É consensual a nível internacional que a água deve ser gerida com base nas bacias hidrográficas sempre que estas tenham expressão territorial significativa. Por isso, a Diretiva-Quadro europeia aponta muito claramente nesse sentido, embora não o imponha taxativamente porque em alguns países, ao contrário do que acontece na Península Ibérica, a fisiografia dominante pode conduzir a outras soluções. Existe sempre, porém, a preocupação de fazer prevalecer uma gestão integrada por bacias hidrográficas, enquanto quadro natural para a gestão dos recursos hídricos.
Qualquer ideia de que essa gestão contraria um processo de regionalização não faz qualquer sentido e é desmentida de forma eloquente por países como, por exemplo, a Espanha ou o Brasil em que, apesar do grande peso político das Autonomias ou dos Estados, prevalece claramente o primado da bacia hidrográfica. A questão não consiste, de forma alguma, em retirar essa competência às regiões, mas antes em encontrar a forma como os poderes regionais de natureza político-administrativa participam na gestão dos recursos hídricos.
Por isso, qualquer hipótese de transferir as ARHs para as CCDRs é contraproducente e será sempre fonte de problemas e de aumento potencial de conflitualidade.
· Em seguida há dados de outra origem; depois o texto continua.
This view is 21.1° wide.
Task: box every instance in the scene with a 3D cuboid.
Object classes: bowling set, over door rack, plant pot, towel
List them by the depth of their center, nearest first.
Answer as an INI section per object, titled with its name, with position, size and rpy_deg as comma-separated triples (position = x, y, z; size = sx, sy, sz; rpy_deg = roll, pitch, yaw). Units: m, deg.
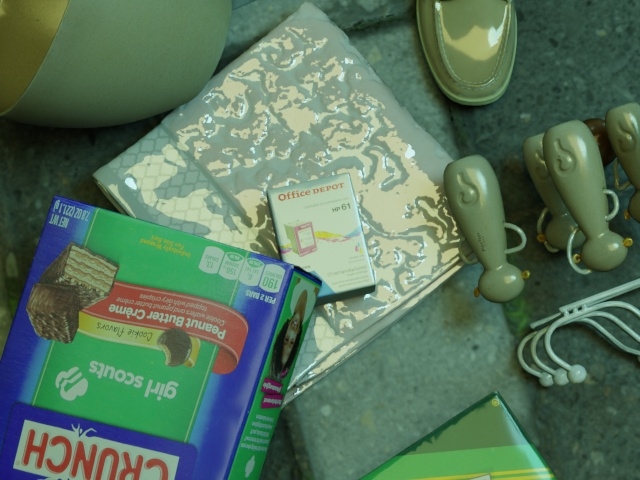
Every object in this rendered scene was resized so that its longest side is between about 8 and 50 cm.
[over door rack]
position = 0.356, 0.050, 1.682
size = 0.324, 0.239, 0.108
rpy_deg = -32, 85, -4
[bowling set]
position = 0.290, -0.051, 1.744
size = 0.287, 0.200, 0.154
rpy_deg = -18, 89, 31
[plant pot]
position = -0.204, -0.233, 1.765
size = 0.191, 0.284, 0.284
rpy_deg = 18, 76, -26
[towel]
position = -0.025, -0.041, 1.808
size = 0.317, 0.053, 0.332
rpy_deg = -38, 81, -8

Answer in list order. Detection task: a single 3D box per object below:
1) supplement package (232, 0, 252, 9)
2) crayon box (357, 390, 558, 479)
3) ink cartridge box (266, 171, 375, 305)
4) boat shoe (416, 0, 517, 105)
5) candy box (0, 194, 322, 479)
[supplement package]
position = -0.087, -0.400, 1.848
size = 0.139, 0.134, 0.244
rpy_deg = -23, 78, -5
[crayon box]
position = 0.141, 0.385, 1.679
size = 0.313, 0.106, 0.363
rpy_deg = -32, 79, -7
[ink cartridge box]
position = 0.000, 0.000, 1.746
size = 0.089, 0.052, 0.122
rpy_deg = -13, 78, -2
[boat shoe]
position = 0.159, -0.297, 1.842
size = 0.109, 0.098, 0.302
rpy_deg = 1, 77, 0
[candy box]
position = -0.177, 0.145, 1.679
size = 0.268, 0.122, 0.317
rpy_deg = 16, 87, 19
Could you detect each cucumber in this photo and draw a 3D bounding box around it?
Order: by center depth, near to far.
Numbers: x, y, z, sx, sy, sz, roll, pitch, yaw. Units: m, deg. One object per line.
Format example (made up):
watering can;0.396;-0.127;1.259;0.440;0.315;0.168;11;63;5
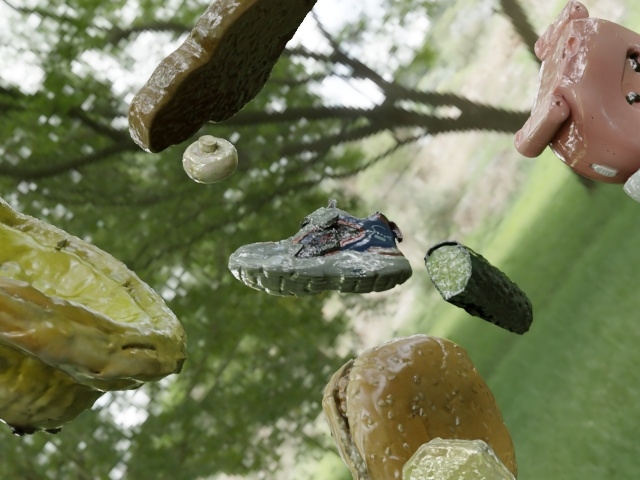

Desde logo, as áreas das regiões-plano não coincidem com as áreas das bacias hidrográficas, sendo Lisboa e Vale do Tejo um caso particularmente expressivo dessa dissemelhança. Que as CCDRs e os municípios tenham uma importante palavra a dizer, é óbvio e indispensável. Que a gestão das bacias seja repartida por várias CCDRs, quebrando a lógica da unidade de gestão, é um enorme passo atrás que a ninguém traz benefícios, nem mesmo aos municípios ou às CCDRs.
Assim, é necessário e urgente assegurar o restabelecimento de uma entidade a nível nacional, que desempenhe as funções de Autoridade Nacional da Água e que trate de forma especializada das diversas e complexas temáticas da gestão dos recursos hídricos. Igualmente necessário e urgente é restituir às cinco ARHs o estatuto de dignidade que lhes conferia a Lei da Água de 2005, por forma a que possa ser assegurada uma estreita articulação com as autarquias e outras entidades de âmbito regional, contando também com a participação ativa dos stakeholders. Só assim se poderá garantir a plenitude dos benefícios que o património hídrico nacional pode e deve proporcionar ao nosso país e aos seus cidadãos.